═════ INPUT DATA

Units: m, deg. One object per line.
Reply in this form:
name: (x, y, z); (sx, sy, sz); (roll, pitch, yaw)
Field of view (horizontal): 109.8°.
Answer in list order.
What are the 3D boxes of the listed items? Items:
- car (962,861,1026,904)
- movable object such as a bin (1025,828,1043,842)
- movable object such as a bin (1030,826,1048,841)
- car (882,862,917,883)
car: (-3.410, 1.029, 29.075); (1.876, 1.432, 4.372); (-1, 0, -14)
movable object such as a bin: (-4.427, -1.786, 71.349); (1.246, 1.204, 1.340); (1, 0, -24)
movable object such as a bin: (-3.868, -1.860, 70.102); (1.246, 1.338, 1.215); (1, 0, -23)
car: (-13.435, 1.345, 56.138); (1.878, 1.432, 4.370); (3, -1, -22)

══════════
═════ INPUT DATA

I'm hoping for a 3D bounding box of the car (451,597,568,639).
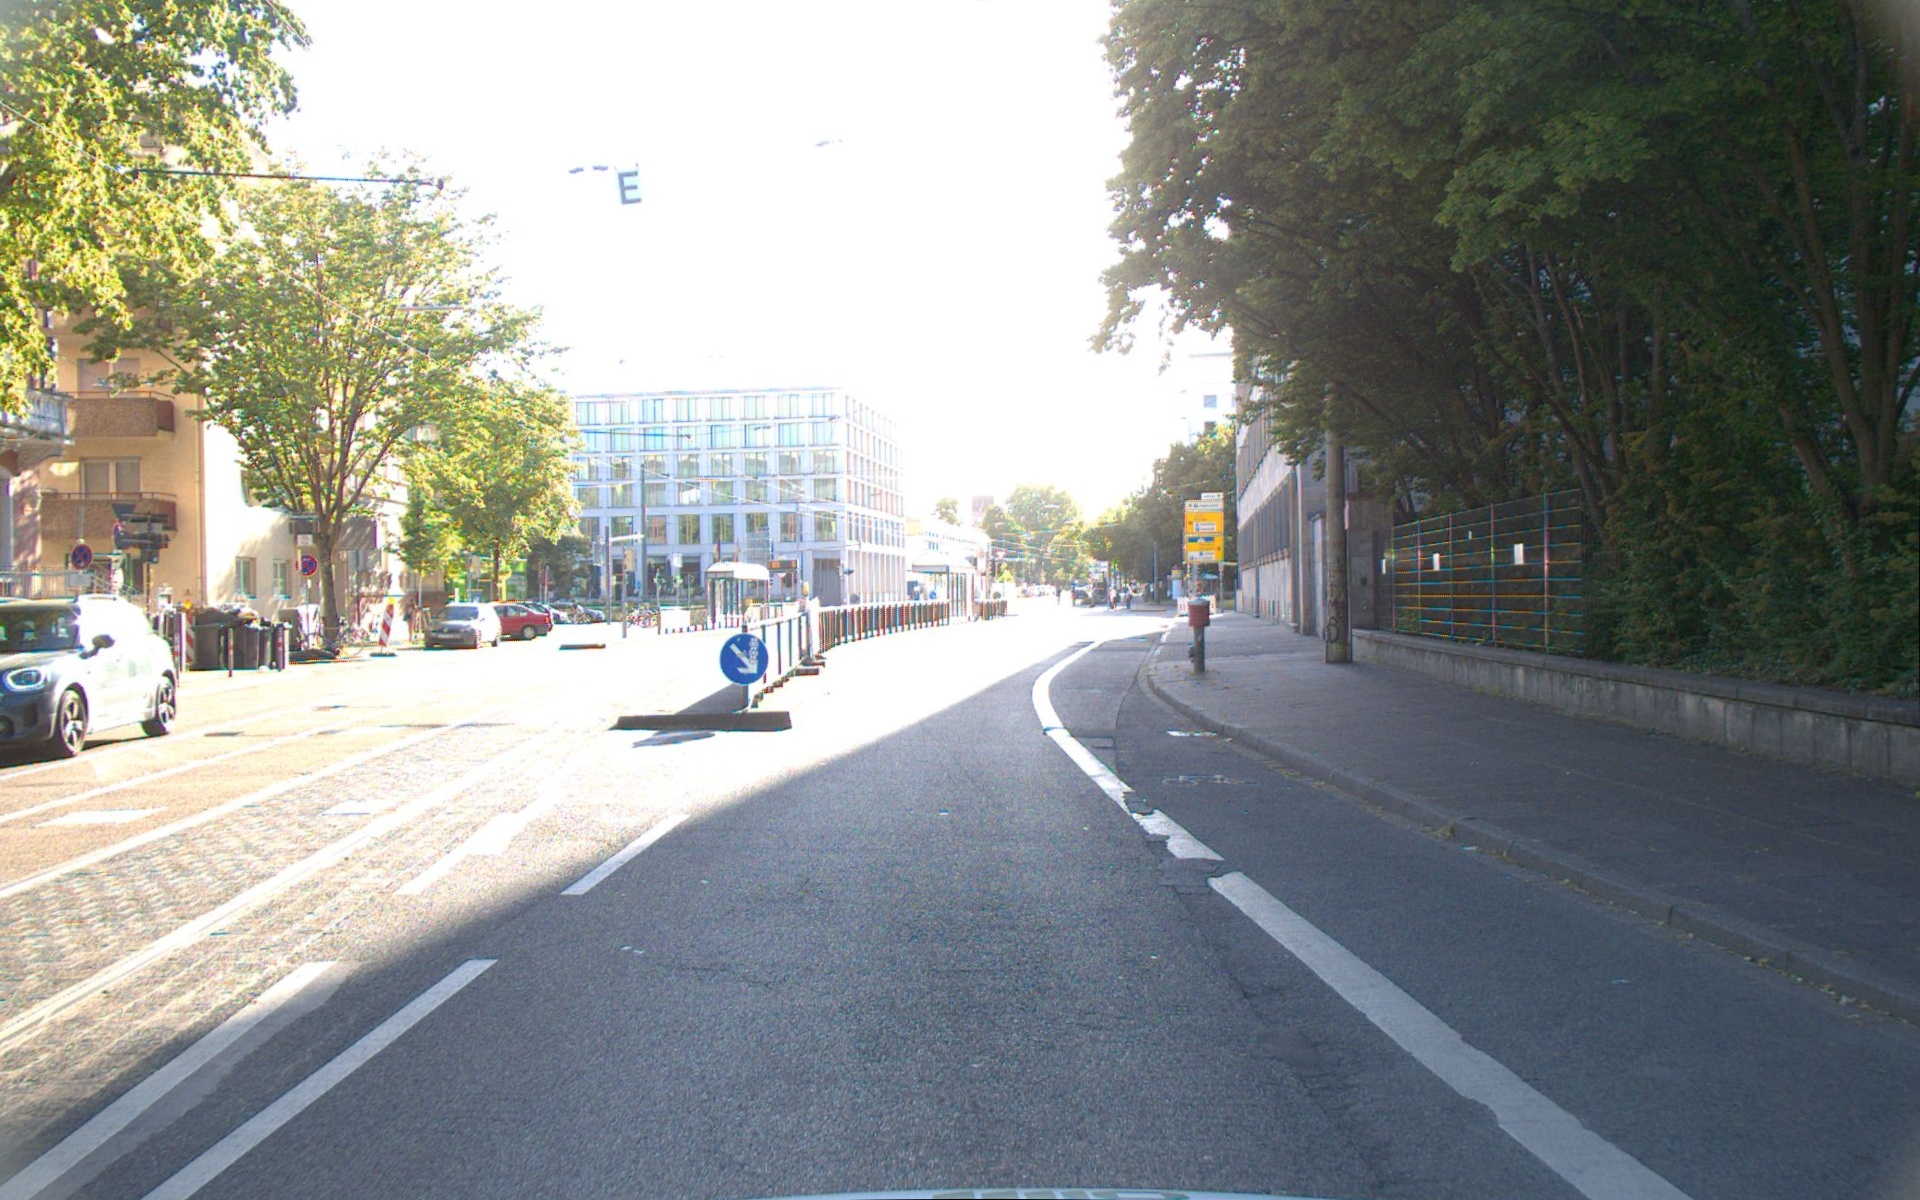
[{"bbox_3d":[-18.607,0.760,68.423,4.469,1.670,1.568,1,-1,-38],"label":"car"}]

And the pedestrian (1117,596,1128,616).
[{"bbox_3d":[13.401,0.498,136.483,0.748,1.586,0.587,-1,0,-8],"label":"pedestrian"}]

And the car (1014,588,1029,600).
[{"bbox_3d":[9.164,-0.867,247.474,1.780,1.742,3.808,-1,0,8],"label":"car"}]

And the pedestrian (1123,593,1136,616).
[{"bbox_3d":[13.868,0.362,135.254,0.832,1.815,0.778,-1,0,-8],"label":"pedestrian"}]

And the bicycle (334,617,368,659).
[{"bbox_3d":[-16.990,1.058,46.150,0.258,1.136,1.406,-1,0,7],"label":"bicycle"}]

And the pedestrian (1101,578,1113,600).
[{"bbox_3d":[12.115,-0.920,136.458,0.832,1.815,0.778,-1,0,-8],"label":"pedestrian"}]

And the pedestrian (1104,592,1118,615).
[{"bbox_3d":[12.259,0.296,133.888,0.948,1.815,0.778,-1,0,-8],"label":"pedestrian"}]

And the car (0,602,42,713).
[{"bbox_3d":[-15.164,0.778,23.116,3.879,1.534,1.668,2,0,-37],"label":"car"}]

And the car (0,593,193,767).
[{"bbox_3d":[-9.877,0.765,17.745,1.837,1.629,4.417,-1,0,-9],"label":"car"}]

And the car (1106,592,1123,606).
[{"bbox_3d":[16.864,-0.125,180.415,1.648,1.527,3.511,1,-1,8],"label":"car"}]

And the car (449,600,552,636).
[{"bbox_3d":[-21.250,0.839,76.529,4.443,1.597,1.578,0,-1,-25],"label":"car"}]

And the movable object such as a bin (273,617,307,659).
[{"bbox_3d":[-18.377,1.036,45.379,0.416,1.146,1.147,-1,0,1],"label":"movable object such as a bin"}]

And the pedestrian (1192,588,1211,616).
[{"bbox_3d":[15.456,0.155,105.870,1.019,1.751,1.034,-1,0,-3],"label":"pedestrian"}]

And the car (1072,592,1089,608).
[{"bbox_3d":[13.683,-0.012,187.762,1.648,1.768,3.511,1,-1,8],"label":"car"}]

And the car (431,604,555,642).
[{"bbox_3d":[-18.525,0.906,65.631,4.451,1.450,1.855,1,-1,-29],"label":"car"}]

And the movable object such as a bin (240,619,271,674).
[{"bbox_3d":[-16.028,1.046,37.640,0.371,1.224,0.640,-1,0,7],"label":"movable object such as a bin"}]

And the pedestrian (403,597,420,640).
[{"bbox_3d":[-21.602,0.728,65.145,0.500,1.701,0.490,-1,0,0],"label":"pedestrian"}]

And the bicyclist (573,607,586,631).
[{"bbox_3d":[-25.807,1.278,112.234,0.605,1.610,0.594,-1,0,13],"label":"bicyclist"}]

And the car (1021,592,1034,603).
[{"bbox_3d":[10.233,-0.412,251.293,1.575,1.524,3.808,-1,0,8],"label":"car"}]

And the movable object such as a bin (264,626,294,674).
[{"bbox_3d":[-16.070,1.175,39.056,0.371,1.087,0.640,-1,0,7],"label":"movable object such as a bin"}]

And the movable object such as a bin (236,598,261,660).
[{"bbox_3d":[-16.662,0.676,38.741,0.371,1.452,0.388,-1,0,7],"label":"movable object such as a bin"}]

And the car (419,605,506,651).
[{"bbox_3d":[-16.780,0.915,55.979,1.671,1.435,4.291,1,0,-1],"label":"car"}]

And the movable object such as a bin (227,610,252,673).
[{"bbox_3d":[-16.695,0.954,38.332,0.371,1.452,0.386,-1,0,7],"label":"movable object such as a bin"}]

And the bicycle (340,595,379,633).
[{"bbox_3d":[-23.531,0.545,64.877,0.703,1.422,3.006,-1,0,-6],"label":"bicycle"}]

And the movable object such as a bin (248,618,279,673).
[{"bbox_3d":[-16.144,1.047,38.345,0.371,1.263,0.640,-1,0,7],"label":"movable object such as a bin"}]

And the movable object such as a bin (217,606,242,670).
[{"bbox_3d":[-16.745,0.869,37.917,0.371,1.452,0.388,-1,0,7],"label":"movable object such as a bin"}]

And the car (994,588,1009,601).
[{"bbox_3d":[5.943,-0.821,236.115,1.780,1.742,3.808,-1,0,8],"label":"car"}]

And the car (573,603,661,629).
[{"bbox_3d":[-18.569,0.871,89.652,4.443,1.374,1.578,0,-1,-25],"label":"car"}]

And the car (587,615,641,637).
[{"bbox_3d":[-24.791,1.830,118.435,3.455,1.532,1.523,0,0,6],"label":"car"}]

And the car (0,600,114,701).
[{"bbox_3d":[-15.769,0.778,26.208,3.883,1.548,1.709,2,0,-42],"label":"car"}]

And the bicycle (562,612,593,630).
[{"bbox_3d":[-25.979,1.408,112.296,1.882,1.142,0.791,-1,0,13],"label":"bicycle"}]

══════════

__YOUR ASSIGNMENT__: Going down the listing above, begin printing at the line with "Units: m, deg. One object per line." and finish with the line with "- movable object such as a bin (1025,828,1043,842)", exactly as they appear.

__ANSWER SECTION__:
Units: m, deg. One object per line.
Reply in this form:
name: (x, y, z); (sx, sy, sz); (roll, pitch, yaw)
Field of view (horizontal): 109.8°.
Answer in list order.
What are the 3D boxes of the listed items? Items:
- car (962,861,1026,904)
- movable object such as a bin (1025,828,1043,842)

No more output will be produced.